> Goal of the exercise: Look for the string "track" in the listing. Copy each line that has it.

+---+

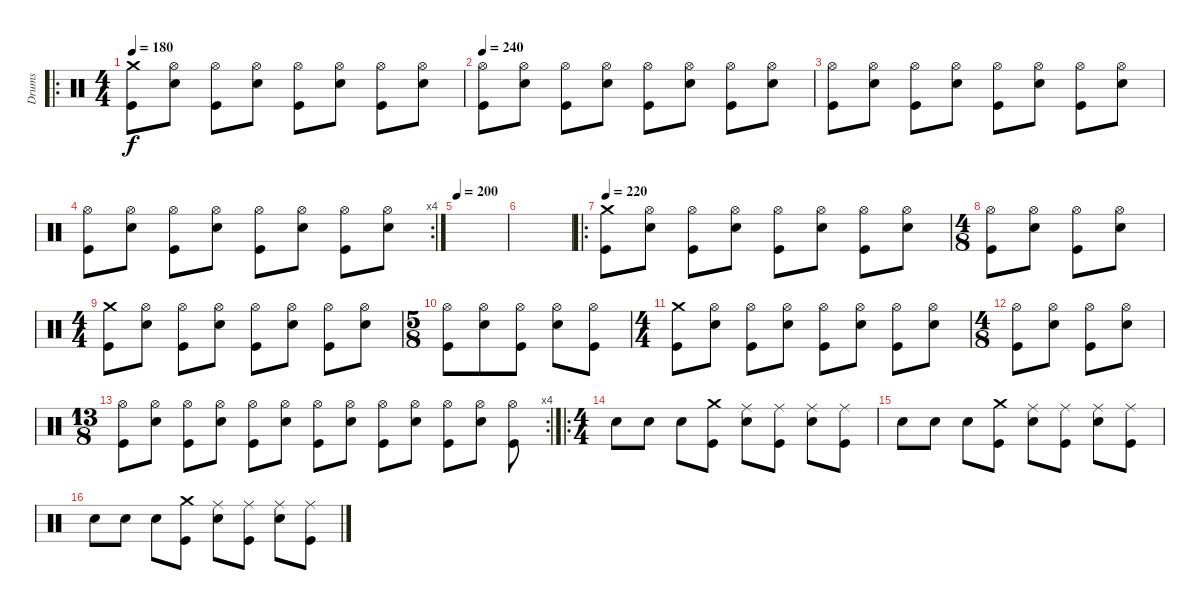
\track ("Drums" "Drums") {instrument percussion}
\staff {score}
\articulation defaults
\ro
\ts (4 4)
\tempo 180
\clef neutral
\ks c
("Crash medium (hit)" "Kick (hit)").8{dy f} ("Hi-Hat (open)" "Electric Snare (hit)").8 ("Hi-Hat (open)" "Kick (hit)").8 ("Hi-Hat (open)" "Electric Snare (hit)").8 ("Hi-Hat (open)" "Kick (hit)").8 ("Hi-Hat (open)" "Electric Snare (hit)").8 ("Hi-Hat (open)" "Kick (hit)").8 ("Hi-Hat (open)" "Electric Snare (hit)").8 |
\tempo 240
("Hi-Hat (open)" "Kick (hit)").8 ("Hi-Hat (open)" "Electric Snare (hit)").8 ("Hi-Hat (open)" "Kick (hit)").8 ("Hi-Hat (open)" "Electric Snare (hit)").8 ("Hi-Hat (open)" "Kick (hit)").8 ("Hi-Hat (open)" "Electric Snare (hit)").8 ("Hi-Hat (open)" "Kick (hit)").8 ("Hi-Hat (open)" "Electric Snare (hit)").8 |
("Hi-Hat (open)" "Kick (hit)").8 ("Hi-Hat (open)" "Electric Snare (hit)").8 ("Hi-Hat (open)" "Kick (hit)").8 ("Hi-Hat (open)" "Electric Snare (hit)").8 ("Hi-Hat (open)" "Kick (hit)").8 ("Hi-Hat (open)" "Electric Snare (hit)").8 ("Hi-Hat (open)" "Kick (hit)").8 ("Hi-Hat (open)" "Electric Snare (hit)").8 |
\rc 4
("Hi-Hat (open)" "Kick (hit)").8 ("Hi-Hat (open)" "Electric Snare (hit)").8 ("Hi-Hat (open)" "Kick (hit)").8 ("Hi-Hat (open)" "Electric Snare (hit)").8 ("Hi-Hat (open)" "Kick (hit)").8 ("Hi-Hat (open)" "Electric Snare (hit)").8 ("Hi-Hat (open)" "Kick (hit)").8 ("Hi-Hat (open)" "Electric Snare (hit)").8 |
\tempo 200
|
|
\ro
\tempo 220
("Crash medium (hit)" "Kick (hit)").8 ("Hi-Hat (open)" "Electric Snare (hit)").8 ("Hi-Hat (open)" "Kick (hit)").8 ("Hi-Hat (open)" "Electric Snare (hit)").8 ("Hi-Hat (open)" "Kick (hit)").8 ("Hi-Hat (open)" "Electric Snare (hit)").8 ("Hi-Hat (open)" "Kick (hit)").8 ("Hi-Hat (open)" "Electric Snare (hit)").8 |
\ts (4 8)
("Hi-Hat (open)" "Kick (hit)").8 ("Hi-Hat (open)" "Electric Snare (hit)").8 ("Hi-Hat (open)" "Kick (hit)").8 ("Hi-Hat (open)" "Electric Snare (hit)").8 |
\ts (4 4)
("Crash medium (hit)" "Kick (hit)").8 ("Hi-Hat (open)" "Electric Snare (hit)").8 ("Hi-Hat (open)" "Kick (hit)").8 ("Hi-Hat (open)" "Electric Snare (hit)").8 ("Hi-Hat (open)" "Kick (hit)").8 ("Hi-Hat (open)" "Electric Snare (hit)").8 ("Hi-Hat (open)" "Kick (hit)").8 ("Hi-Hat (open)" "Electric Snare (hit)").8 |
\ts (5 8)
("Hi-Hat (open)" "Kick (hit)").8 ("Hi-Hat (open)" "Electric Snare (hit)").8 ("Hi-Hat (open)" "Kick (hit)").8 ("Hi-Hat (open)" "Electric Snare (hit)").8 ("Hi-Hat (open)" "Kick (hit)").8 |
\ts (4 4)
("Crash medium (hit)" "Kick (hit)").8 ("Hi-Hat (open)" "Electric Snare (hit)").8 ("Hi-Hat (open)" "Kick (hit)").8 ("Hi-Hat (open)" "Electric Snare (hit)").8 ("Hi-Hat (open)" "Kick (hit)").8 ("Hi-Hat (open)" "Electric Snare (hit)").8 ("Hi-Hat (open)" "Kick (hit)").8 ("Hi-Hat (open)" "Electric Snare (hit)").8 |
\ts (4 8)
("Hi-Hat (open)" "Kick (hit)").8 ("Hi-Hat (open)" "Electric Snare (hit)").8 ("Hi-Hat (open)" "Kick (hit)").8 ("Hi-Hat (open)" "Electric Snare (hit)").8 |
\rc 4
\ts (13 8)
("Hi-Hat (open)" "Kick (hit)").8 ("Hi-Hat (open)" "Electric Snare (hit)").8 ("Hi-Hat (open)" "Kick (hit)").8 ("Hi-Hat (open)" "Electric Snare (hit)").8 ("Hi-Hat (open)" "Kick (hit)").8 ("Hi-Hat (open)" "Electric Snare (hit)").8 ("Hi-Hat (open)" "Kick (hit)").8 ("Hi-Hat (open)" "Electric Snare (hit)").8 ("Hi-Hat (open)" "Kick (hit)").8 ("Hi-Hat (open)" "Electric Snare (hit)").8 ("Hi-Hat (open)" "Kick (hit)").8 ("Hi-Hat (open)" "Electric Snare (hit)").8 ("Hi-Hat (open)" "Kick (hit)").8 |
\ro
\ts (4 4)
"Electric Snare (hit)".8 "Electric Snare (hit)".8 "Electric Snare (hit)".8 ("Crash medium (hit)" "Kick (hit)").8 ("Ride (middle)" "Electric Snare (hit)").8 ("Ride (middle)" "Kick (hit)").8 ("Ride (middle)" "Electric Snare (hit)").8 ("Ride (middle)" "Kick (hit)").8 |
"Electric Snare (hit)".8 "Electric Snare (hit)".8 "Electric Snare (hit)".8 ("Crash medium (hit)" "Kick (hit)").8 ("Ride (middle)" "Electric Snare (hit)").8 ("Ride (middle)" "Kick (hit)").8 ("Ride (middle)" "Electric Snare (hit)").8 ("Ride (middle)" "Kick (hit)").8 |
"Electric Snare (hit)".8 "Electric Snare (hit)".8 "Electric Snare (hit)".8 ("Crash medium (hit)" "Kick (hit)").8 ("Ride (middle)" "Electric Snare (hit)").8 ("Ride (middle)" "Kick (hit)").8 ("Ride (middle)" "Electric Snare (hit)").8 ("Ride (middle)" "Kick (hit)").8
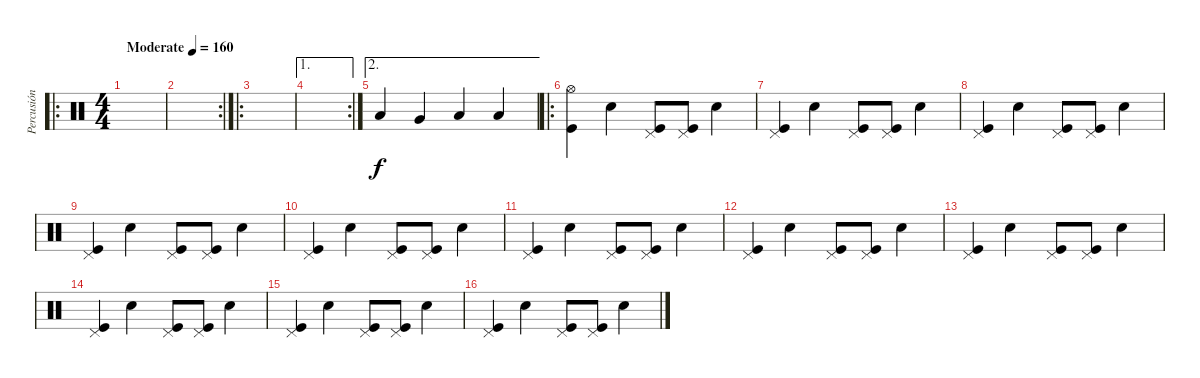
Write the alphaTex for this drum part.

\track ("Percusión" "Percusión") {instrument percussion}
\staff {score}
\articulation defaults
\ro
\ts (4 4)
\tempo (160 "Moderate")
\clef neutral
\ks c
|
\rc 2
|
\ro
|
\ae 1
\rc 2
|
\ae 2 "Low Tom (hit)".4 "Very Low Tom (hit)".4 "Low Floor Tom (hit)".4 "Low Floor Tom (hit)".4
|
\ro
("Hi-Hat (open)" "Kick (hit)").4 "Snare (hit) 2".4 ("Pedal Hi-Hat (hit)" "Kick (hit)").8 ("Pedal Hi-Hat (hit)" "Kick (hit)").8 "Snare (hit) 2".4 |
("Pedal Hi-Hat (hit)" "Kick (hit)").4 "Snare (hit) 2".4 ("Pedal Hi-Hat (hit)" "Kick (hit)").8 ("Pedal Hi-Hat (hit)" "Kick (hit)").8 "Snare (hit) 2".4 |
("Pedal Hi-Hat (hit)" "Kick (hit)").4 "Snare (hit) 2".4 ("Pedal Hi-Hat (hit)" "Kick (hit)").8 ("Pedal Hi-Hat (hit)" "Kick (hit)").8 "Snare (hit) 2".4 |
("Pedal Hi-Hat (hit)" "Kick (hit)").4 "Snare (hit) 2".4 ("Pedal Hi-Hat (hit)" "Kick (hit)").8 ("Pedal Hi-Hat (hit)" "Kick (hit)").8 "Snare (hit) 2".4 |
("Pedal Hi-Hat (hit)" "Kick (hit)").4 "Snare (hit) 2".4 ("Pedal Hi-Hat (hit)" "Kick (hit)").8 ("Pedal Hi-Hat (hit)" "Kick (hit)").8 "Snare (hit) 2".4 |
("Pedal Hi-Hat (hit)" "Kick (hit)").4 "Snare (hit) 2".4 ("Pedal Hi-Hat (hit)" "Kick (hit)").8 ("Pedal Hi-Hat (hit)" "Kick (hit)").8 "Snare (hit) 2".4 |
("Pedal Hi-Hat (hit)" "Kick (hit)").4 "Snare (hit) 2".4 ("Pedal Hi-Hat (hit)" "Kick (hit)").8 ("Pedal Hi-Hat (hit)" "Kick (hit)").8 "Snare (hit) 2".4 |
("Pedal Hi-Hat (hit)" "Kick (hit)").4 "Snare (hit) 2".4 ("Pedal Hi-Hat (hit)" "Kick (hit)").8 ("Pedal Hi-Hat (hit)" "Kick (hit)").8 "Snare (hit) 2".4 |
("Pedal Hi-Hat (hit)" "Kick (hit)").4 "Snare (hit) 2".4 ("Pedal Hi-Hat (hit)" "Kick (hit)").8 ("Pedal Hi-Hat (hit)" "Kick (hit)").8 "Snare (hit) 2".4 |
("Pedal Hi-Hat (hit)" "Kick (hit)").4 "Snare (hit) 2".4 ("Pedal Hi-Hat (hit)" "Kick (hit)").8 ("Pedal Hi-Hat (hit)" "Kick (hit)").8 "Snare (hit) 2".4 |
("Pedal Hi-Hat (hit)" "Kick (hit)").4 "Snare (hit) 2".4 ("Pedal Hi-Hat (hit)" "Kick (hit)").8 ("Pedal Hi-Hat (hit)" "Kick (hit)").8 "Snare (hit) 2".4

+---+

> Task solution:
\track ("Drums" "Drums") {instrument percussion}
\track ("Percusión" "Percusión") {instrument percussion}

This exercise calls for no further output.